Si le tango est sensuel, il est aussi source de souffrance, ce qui est toujours plus excitant que de ne rien ressentir…
Il se faisait plaisir, à l’idée qu’elle pourrait arriver dans la milonga au moment où il danserait milonguero avec une autre.
C’est ainsi qu’ils se sont rencontrés et quand elle l’a aperçu dans cette position, elle a tout de suite compris qu’il l’avait fait pour que naisse chez elle une infime douleur, légère mais néanmoins réelle. Cela a duré quelques danses, parfois ils se sont croisés semblant indifférents à ce qui leur arrivait mais leurs corps éloignés témoignaient de leur trouble par un frémissement de la peau.

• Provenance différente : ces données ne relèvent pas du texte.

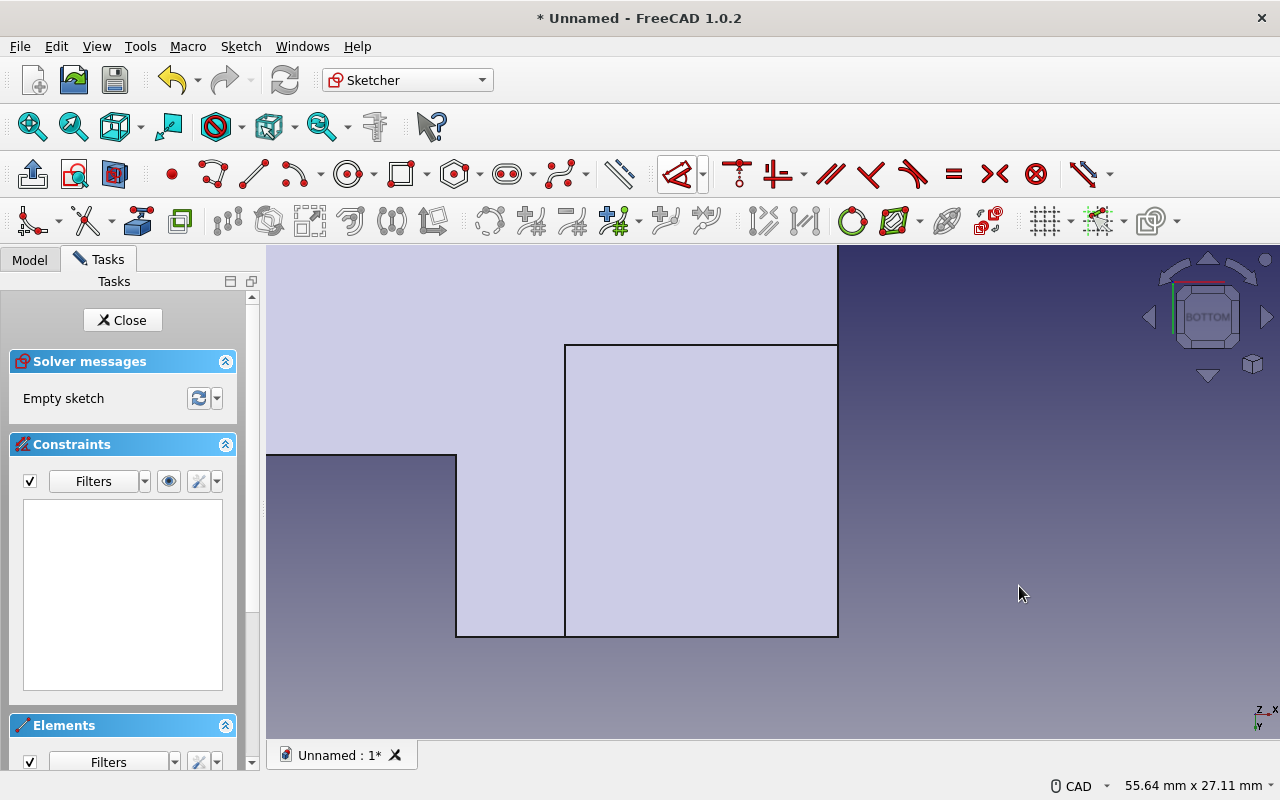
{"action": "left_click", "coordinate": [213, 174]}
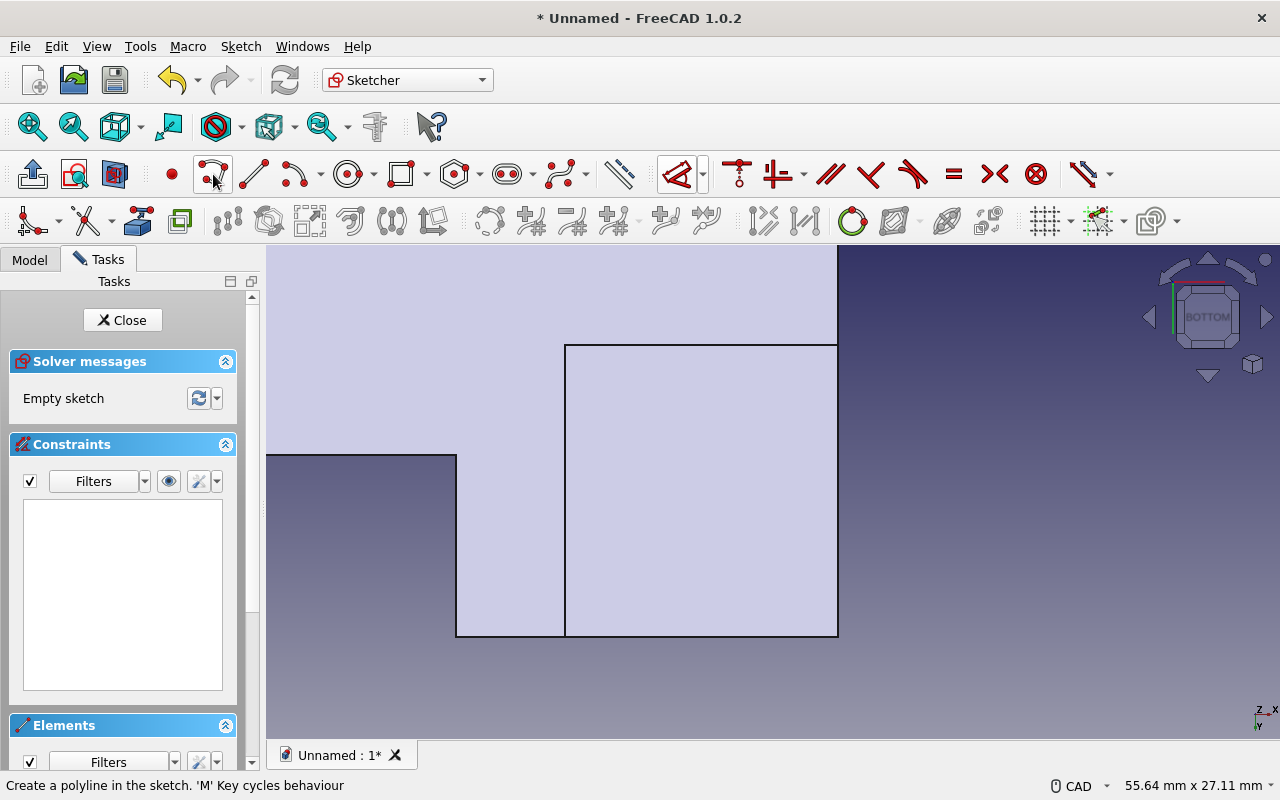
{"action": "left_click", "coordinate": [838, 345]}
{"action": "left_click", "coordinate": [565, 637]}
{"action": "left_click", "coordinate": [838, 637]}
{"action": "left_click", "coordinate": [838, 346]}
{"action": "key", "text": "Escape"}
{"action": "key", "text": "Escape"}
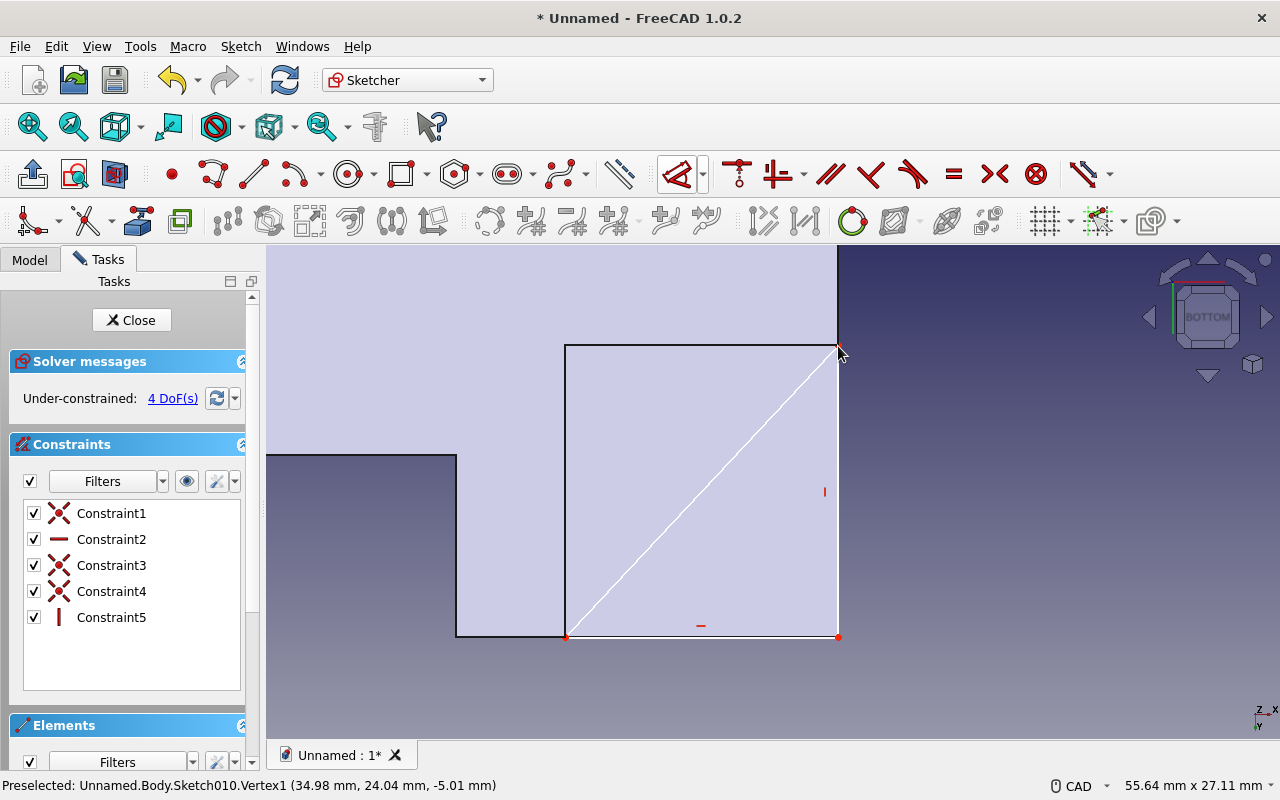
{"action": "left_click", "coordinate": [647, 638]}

Plus tard, lors d’une nouvelle tanda, il a marché vers elle soutenant son regard violent, noir et elle a compris que jamais il n’arrêterait de marcher, parfois aérien, parfois ancré dans le sol, mais toujours avec elle. Et depuis, son souffle sur sa chair l’aide à se laisser aller, la danse les métamorphose.
Enveloppée des bras de l’homme, elle imagine, elle imagine et ne résiste pas à la figure, au tour, à la musique, à la voix… Le tango et l’homme lui offrent toutes ses sensations, cette main sur sa peau au fur et à mesure que la danse progresse, qu’il se déplace comme un félin, cette main la fait frissonner. Et le bout de ses seins de durcir. Elle croit qu’elle est allongée, qu’elle rêve, elle a la sensation d’avoir fumé ou légèrement bu. Vite, un geste pour sentir qu’elle est bien debout, elle enfonce ses ongles peints dans la nuque de l’homme, celui-ci s’écarte alors légèrement, laissant ainsi un peu d’espace, n’emmêlant plus leur corps, mais toujours ensemble dans la danse. Il voit mieux la rougeur de ses joues, son cou, son épaule dénudée. Ce paysage l’émeut, l’excite, il souhaite ardemment continuer à la désirer, à l’aimer et à danser avec elle.